Conduction of regression analyses with machine learning algorithms to build predictive models based on data can be a powerful and efficient alternative in comparison to calibrating and validating analytical models or numerical high-fidelity models. In the fields of materials mechanics, the application of machine learning and data mining approaches has been reviewed in [12] to discuss various examples on the identification and utilization of relationships along the process-structure-property-performance chain, enabling further understanding of underlying physical mechanisms. For classical programming, specific rules are explicitly defined on input-data processing to produce desired answers, whereas for machine learning algorithms, answers are trained to be related to input-data through learning of necessary rules. Consequently, when those rules are identified via machine learning algorithms, applied to new data, the resulting answers can be new and original [13].

Yamin et al. [14] investigated the refill FSSW process to identify relationships between process parameters and the cross tensile strength (CTS) for similar aluminum alloys. Based on a Box-Behnken Design of Experiments (DoE), statistical analysis and the response surface methodology were used to establish an analytical model for the prediction of CTS. An interpretation on how the different process parameters influence the CTS was provided, which was only based on linear regression. The aim of this study is to expand this perspective via the deployment of non-linear prediction models. Therefore, different non-linear machine learning algorithms are used to build an accurate predictive model to foresee the CTS of refill FSSW AA7075-T6 joints. For further improvement of the joining process, it was targeted to build a prediction model with lower prediction errors than the commonly used analytical model based on linear regression. In order to evaluate and select the most accurate model, a comparison of the different employed algorithm is drawn and an interpretation is provided.

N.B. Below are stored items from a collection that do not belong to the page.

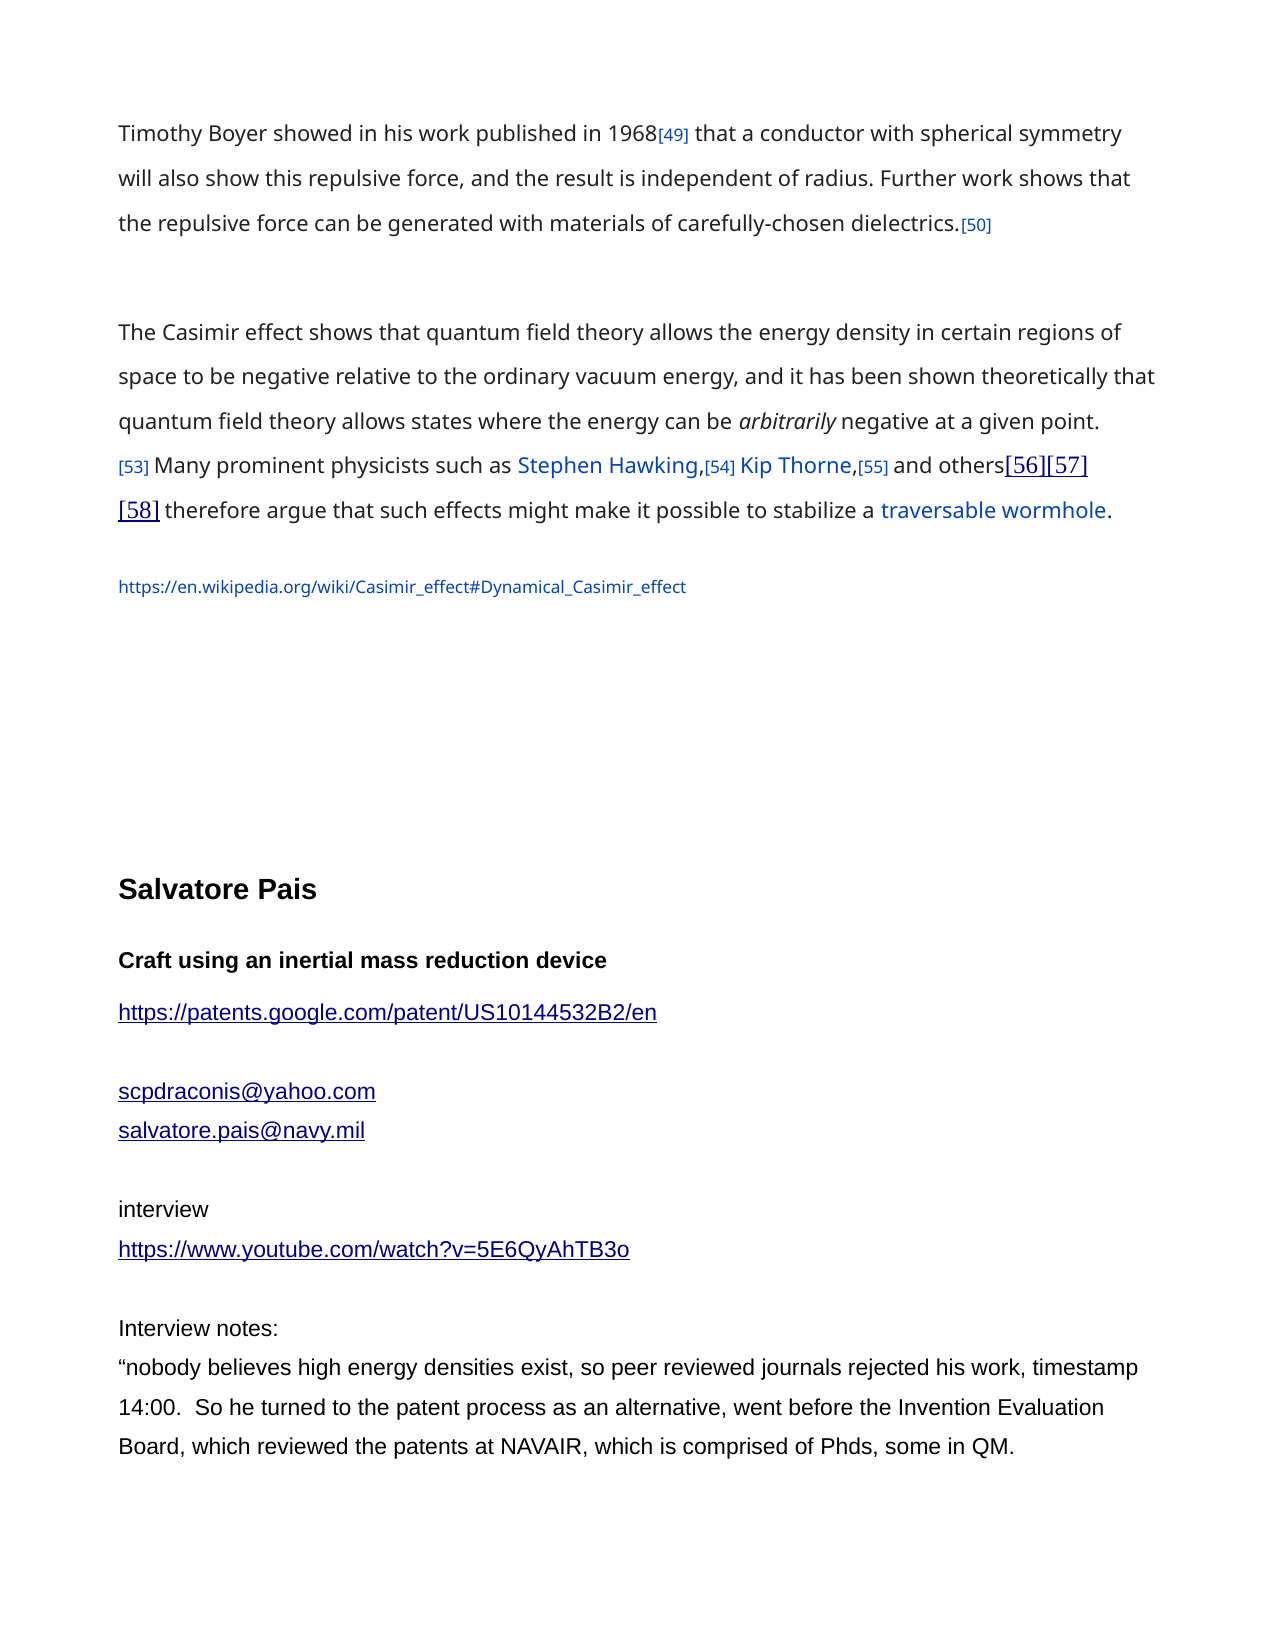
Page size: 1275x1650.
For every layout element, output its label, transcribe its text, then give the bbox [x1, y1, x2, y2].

text interview [118, 1196, 1157, 1223]
text salvatore.pais@navy.mil [118, 1117, 1157, 1144]
text “nobody believes high energy densities exist, so peer reviewed journals rejected his work, timestamp 14:00. So he turned to the patent process as an alternative, went before the Invention Evaluation Board, which reviewed the patents at NAVAIR, which is comprised of Phds, some in QM. [118, 1354, 1157, 1460]
text Salvatore Pais [118, 872, 1157, 905]
text scpdraconis@yahoo.com [118, 1078, 1157, 1104]
text Timothy Boyer showed in his work published in 1968[49] that a conductor with spherical symmetry will also show this repulsive force, and the result is independent of radius. Further work shows that the repulsive force can be generated with materials of carefully-chosen dielectrics.[50] [118, 118, 1157, 237]
subtitle Craft using an inertial mass reduction device [118, 947, 1157, 973]
text https://www.youtube.com/watch?v=5E6QyAhTB3o [118, 1236, 1157, 1262]
text https://patents.google.com/patent/US10144532B2/en [118, 999, 1157, 1025]
text Interview notes: [118, 1315, 1157, 1341]
text https://en.wikipedia.org/wiki/Casimir_effect#Dynamical_Casimir_effect [118, 575, 1157, 598]
text The Casimir effect shows that quantum field theory allows the energy density in certain regions of space to be negative relative to the ordinary vacuum energy, and it has been shown theoretically that quantum field theory allows states where the energy can be arbitrarily negative at a given point.[53] Many prominent physicists such as Stephen Hawking,[54] Kip Thorne,[55] and others[56][57][58] therefore argue that such effects might make it possible to stabilize a traversable wormhole. [118, 316, 1157, 525]
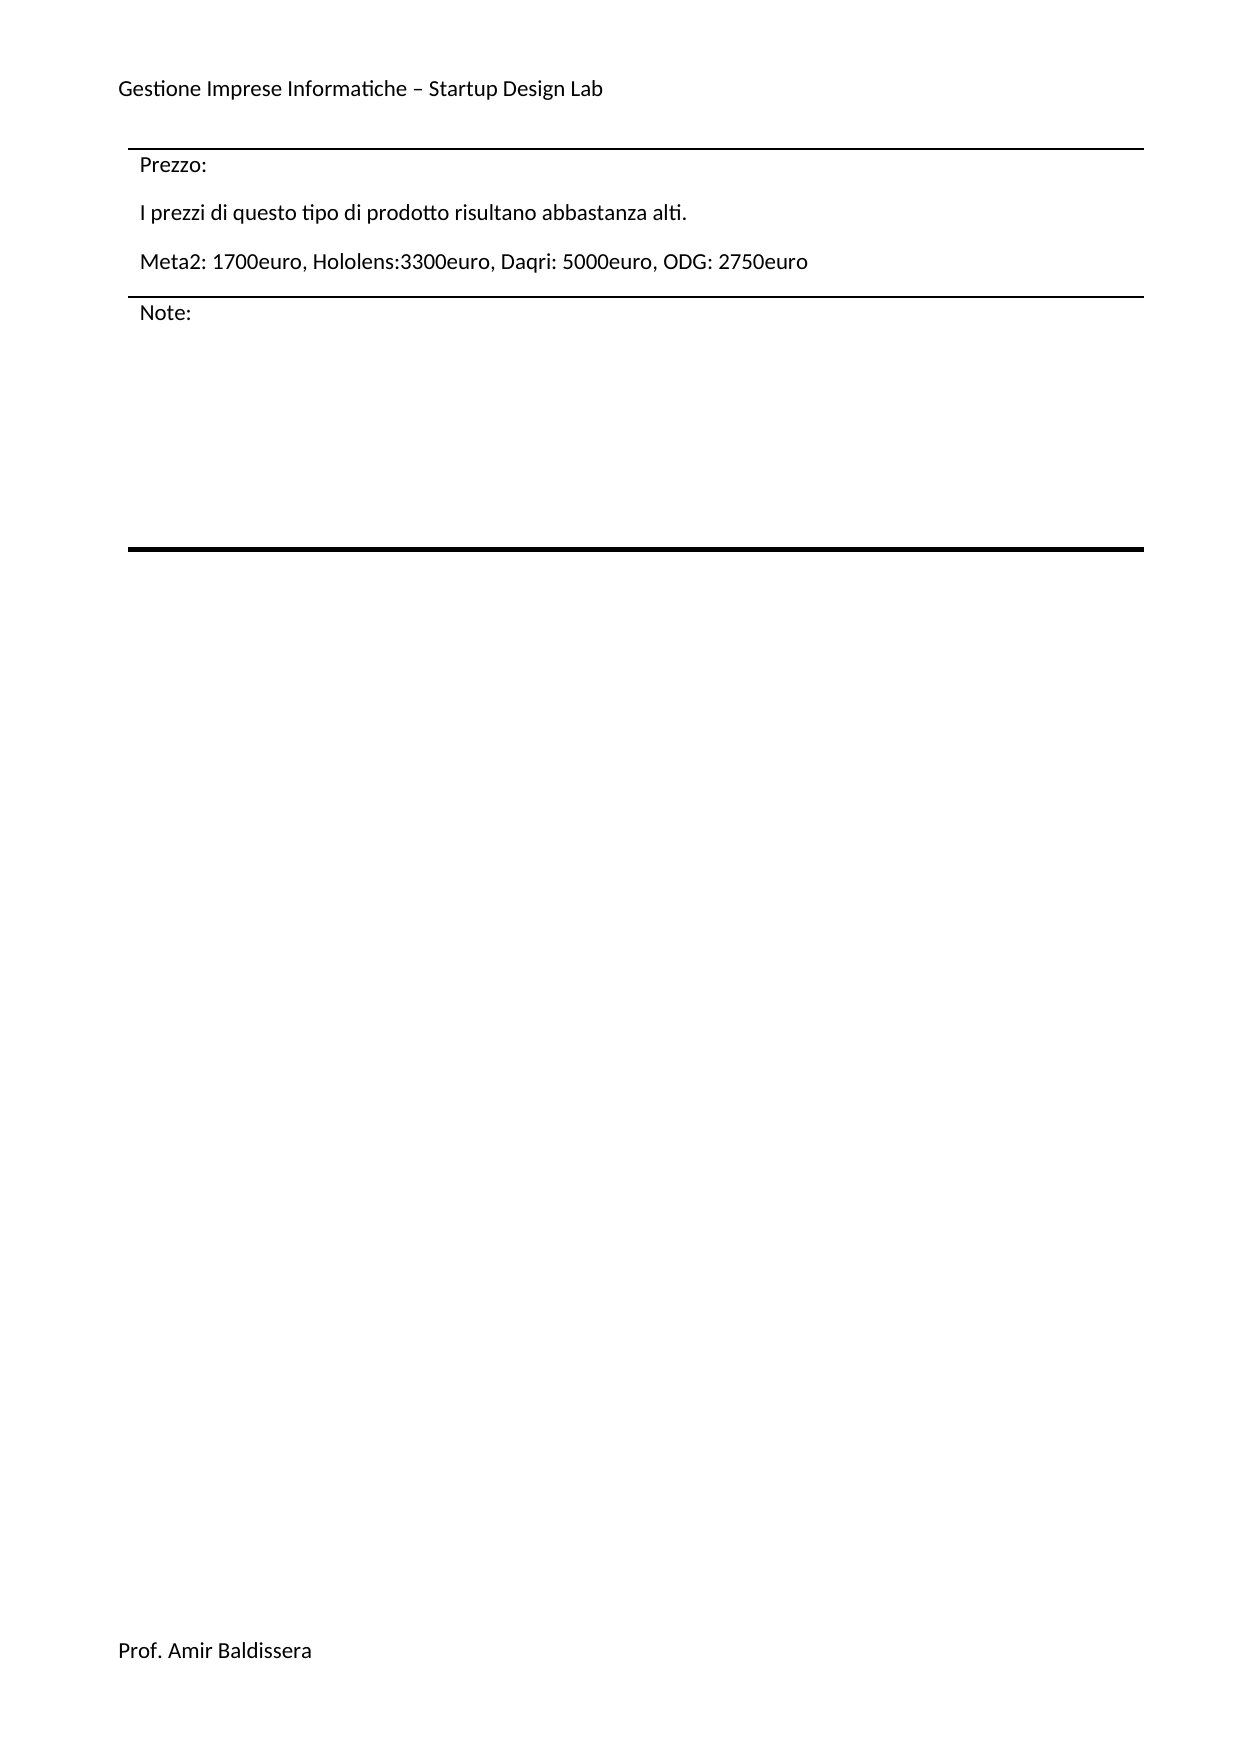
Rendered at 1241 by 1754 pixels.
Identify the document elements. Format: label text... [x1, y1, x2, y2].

table_cell Prezzo: I prezzi di questo tipo di prodotto risultano abbastanza alti. Meta2: 1700euro, Hololens:3300euro, Daqri: 5000euro, ODG: 2750euro [128, 150, 1144, 296]
table_cell Note: [128, 298, 1144, 547]
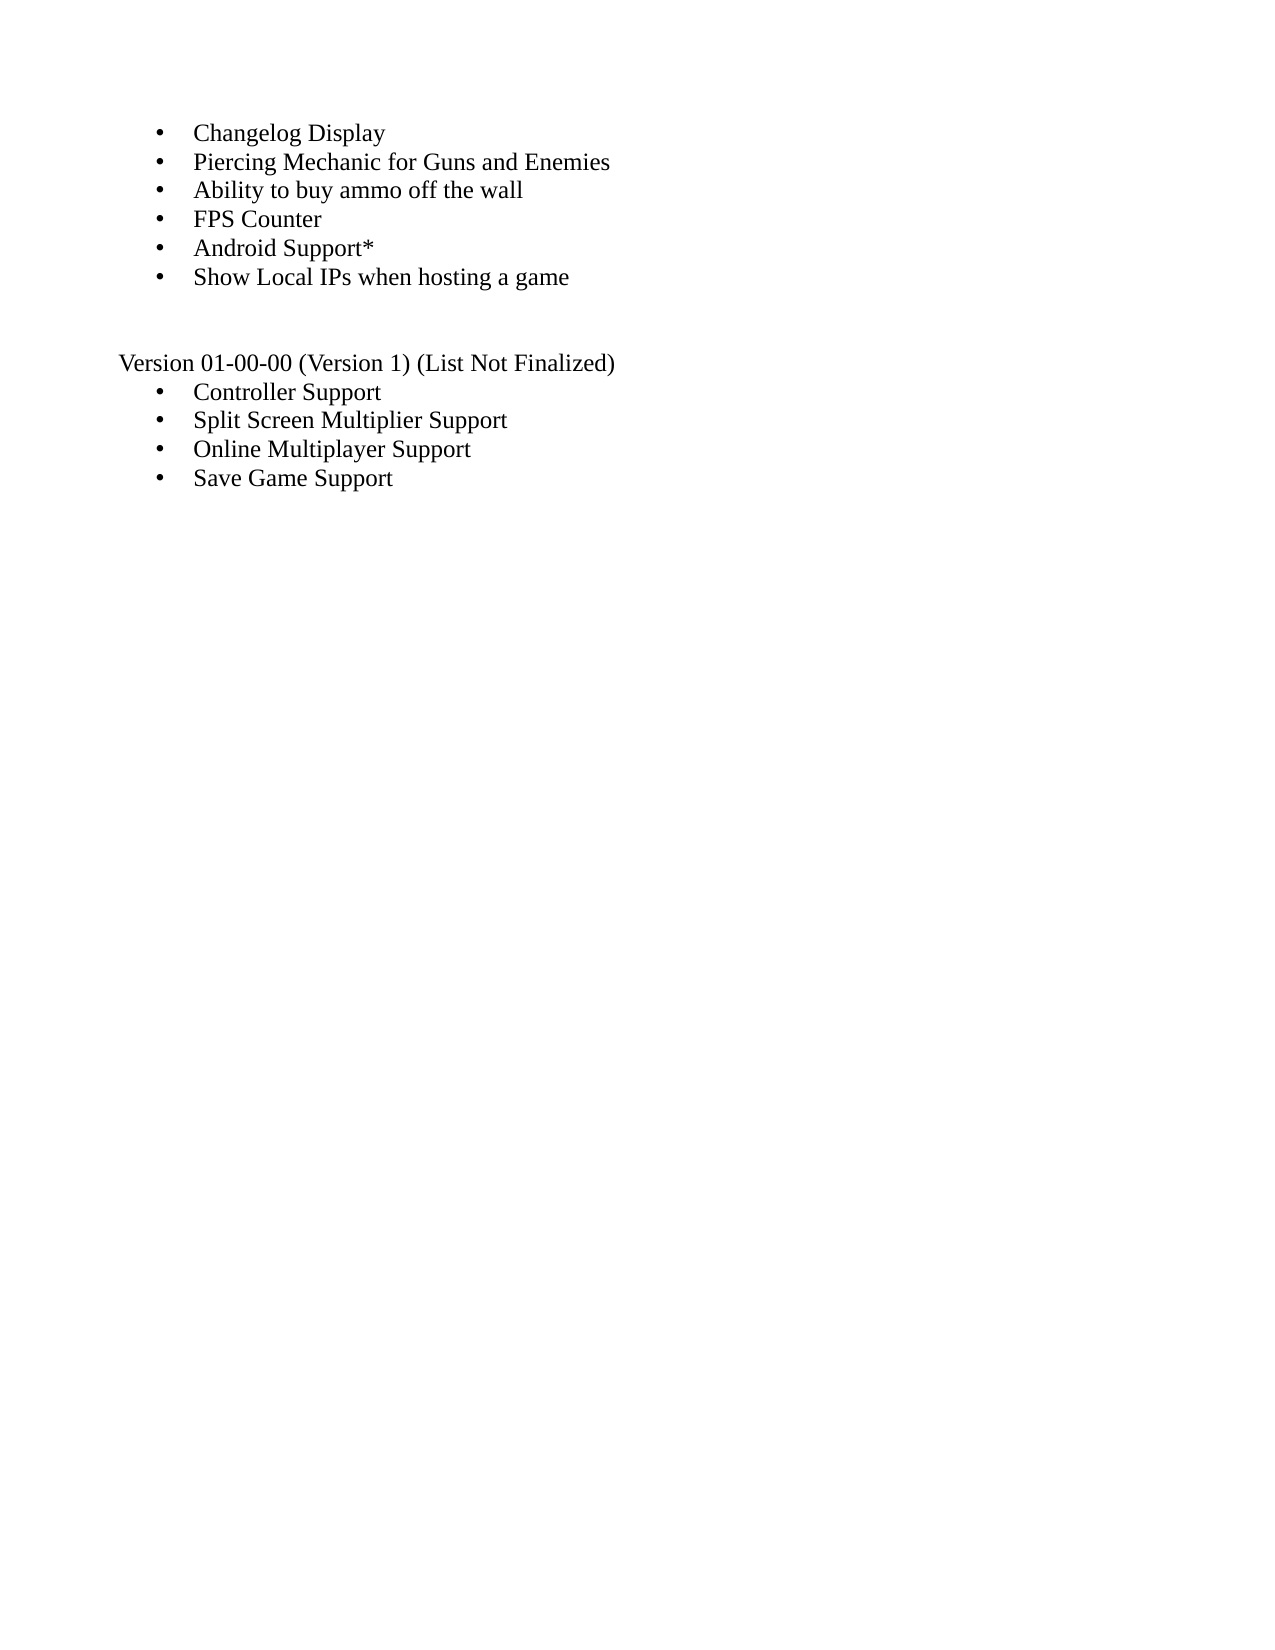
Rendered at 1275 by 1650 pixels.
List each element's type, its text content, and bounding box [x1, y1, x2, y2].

# 2 Refill Friction Stir Spot Welding

In the solid-state joining process of refill FSSW, a non-consumable tool composed of two rotating parts is utilized in combination with a probe and a sleeve, as well as a stationary clamping ring to join two or more similar or dissimilar materials in lap configuration. Two variants of the process can be implemented, depending on the plunging part of the tool being the sleeve or the probe. The most used variant is the sleeve plunge process variant, where, initially, the to-be-joint materials are clamped against a backing anvil via a clamping ring whereas sleeve and probe start to rotate uni-directionally. Translational movement is executed on the rotating sleeve and probe move in opposing directions. Due to the rotating sleeve, plastic deformation is introduced and frictional heat is generated leading to plasticizing of the materials. The soft material is plunged and squeezed by the sleeve, filling of the cavity that was left by the retracted probe. Next, the sleeve is retracted back to the plate’s surface and the displaced material is forced to completely refill the joint by the pin. Ultimately, the work-piece is released by the tool. The process is controlled through three process parameters: rotational speed (RS) in min^{-1}, plunge depth (PD) in mm and plunge speed (PS) in mm/s. For more details on the refill FSSW process, the interested reader is referred to [8].

# 3 Regression analyses

For the performance of regression analyses to enable the prediction of the CTS, a number of different regression models are implemented. They can be categorized into three main approaches: linear regression, decision tree regression and random forest regression. In a machine-learning context, regression analysis is a supervised learning task, where the outcome is known. A brief explanation of the utilized regression analyses techniques are provided in the following.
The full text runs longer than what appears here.